I think this deserves to stay open, even if does get deferred before getting it implemented. We can so easily support to_uint taking arguments with content from all Unicode supported languages, just by putting in the starting indices for each sequence of ten digits from the table at the provided URL.
It would be fine to enforce base <= 10 when the argument content has values coming from those international ranges, i.e. anything higher than U+006A 'z'.
Ok, reopening, but not yet convinced. :-)
Can you give me a code example how this would be used?
build/bin/spicy-driver Issue_195_in_Nko.spicy < Issue_195_FakeForeign_input.txt
where the spicy is like:
module Issue_195_in_Nko;
import spicy;
const Token = /[^ \t\r\n]+/;
const Integer = /[0-9]+/;
const FakeForeignInteger = /[0-9a-j]+/;
# const ForeignInteger = /[0-9\u07C0-\u07C9]+/;
const WhiteSpace = /[ \t]+/;
public type Requests = unit {
var runningTotal: uint64;
on %init {
self.runningTotal = 0;
}
: (RequestLine(self))[];
on %done {
print "That summed to: %d" % (self.runningTotal,);
}
};
type RequestLine = unit(parent: Requests) {
%byte-order = Spicy::ByteOrder::Little;
lineNo: Token;
: WhiteSpace;
ItemDesc: Token;
: WhiteSpace;
lineTotal: FakeForeignInteger;
: /[\r\n]+/ ;
on lineTotal {
parent.runningTotal += self.lineTotal.to_uint();
}
};
outputs
That summed to: 25
with Issue_195_Western_input.txt of
1 pencils 12
2 erasers 13
and I propose that with Issue_195_FakeForeign_input.txt of
b pencils bc
c erasers bd
conversion of decimal digit strings to numbers is just as well-supported. By incorporating the actual 0-9 ranges from https://www.fileformat.info/info/unicode/category/Nd/list.htm, which provides that internationalization data, then spicy's to_int() and to_uint() aren't western-centric, but can handle digits expressed in any of the Unicode supported alphabets.

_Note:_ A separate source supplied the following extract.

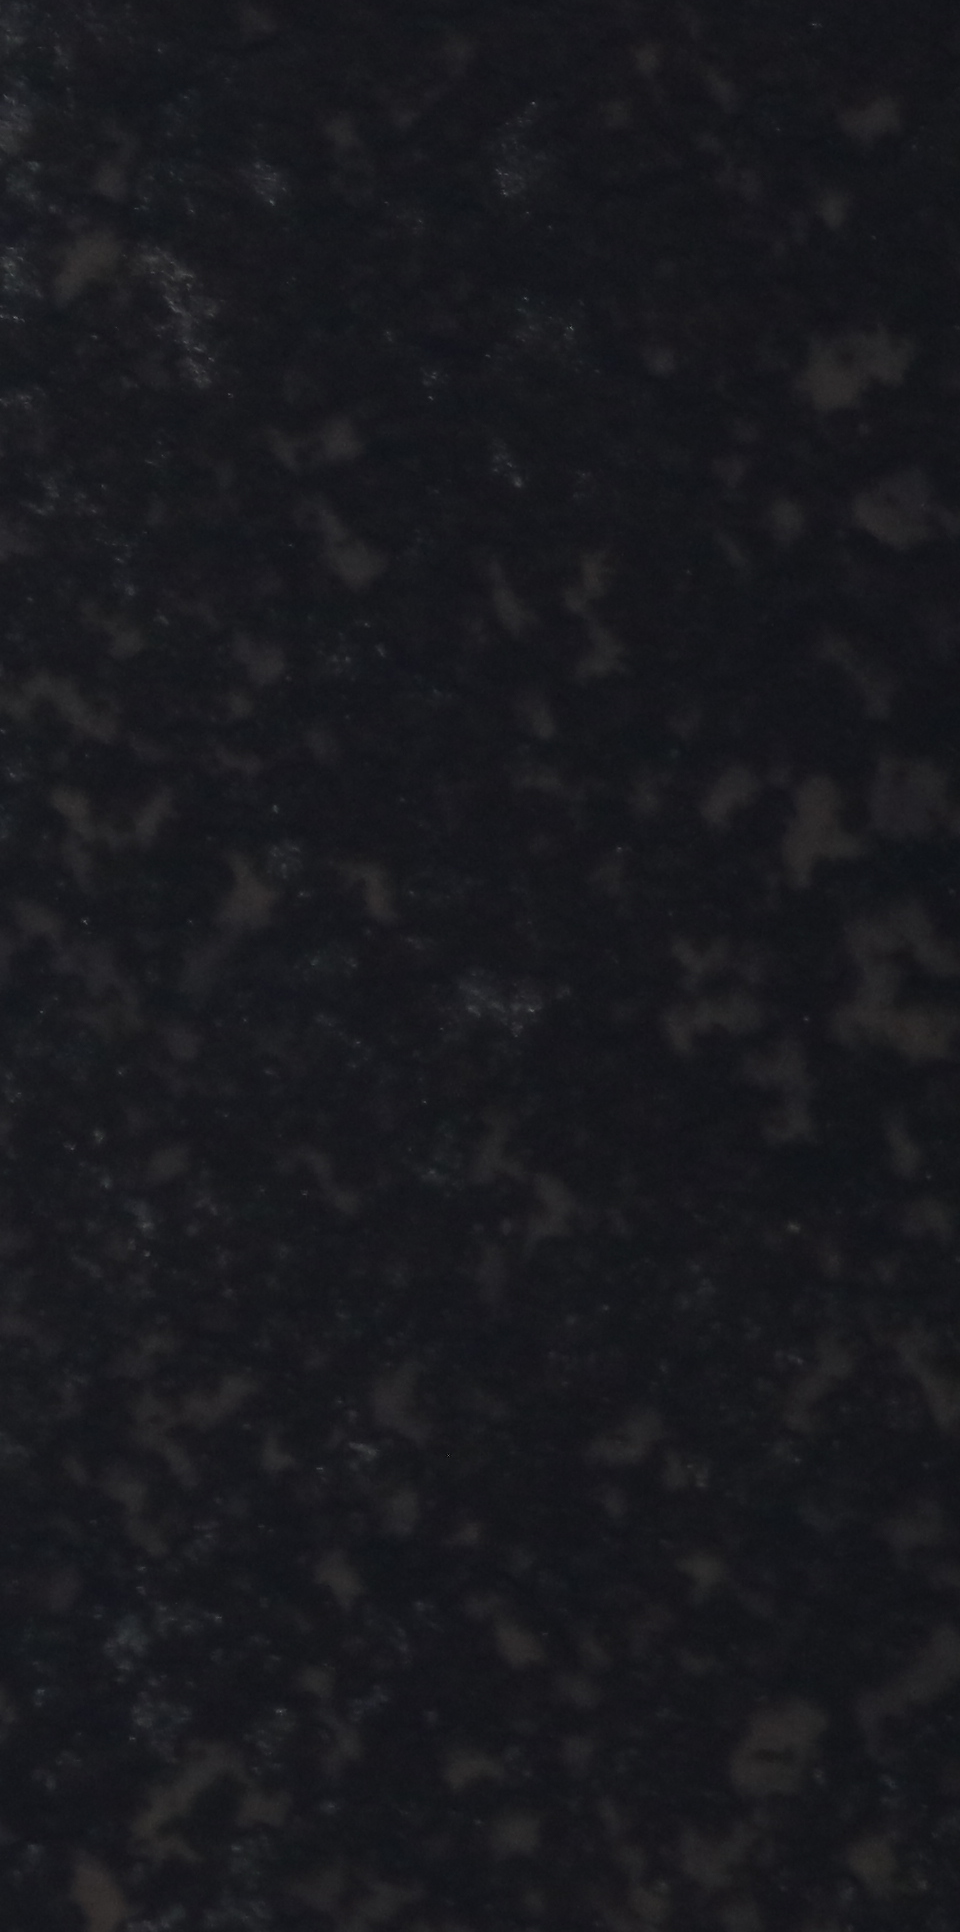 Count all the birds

0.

So this would work only for base <= 10, right? It would then look for right block of 10 code points inside that table, and subtract the block's starting code point from the code points it's processing?
So I see how this could be useful, but let's wait until we actually have a use case.
Robin wrote: ... So this would work only for base <= 10, right? It would then look for right block of 10 code points inside that table, and subtract the block's starting code point from the code points it's processing? So I see how this could be useful, but let's wait until we actually have a use case.
Your description there is right on what I envision. I concur that doing this only for base <= 10 (plus handling a locale-appropriate negative indicator) is the vast majority of the value. And I am fine with waiting. I18n tickets are often put in that status for awhile.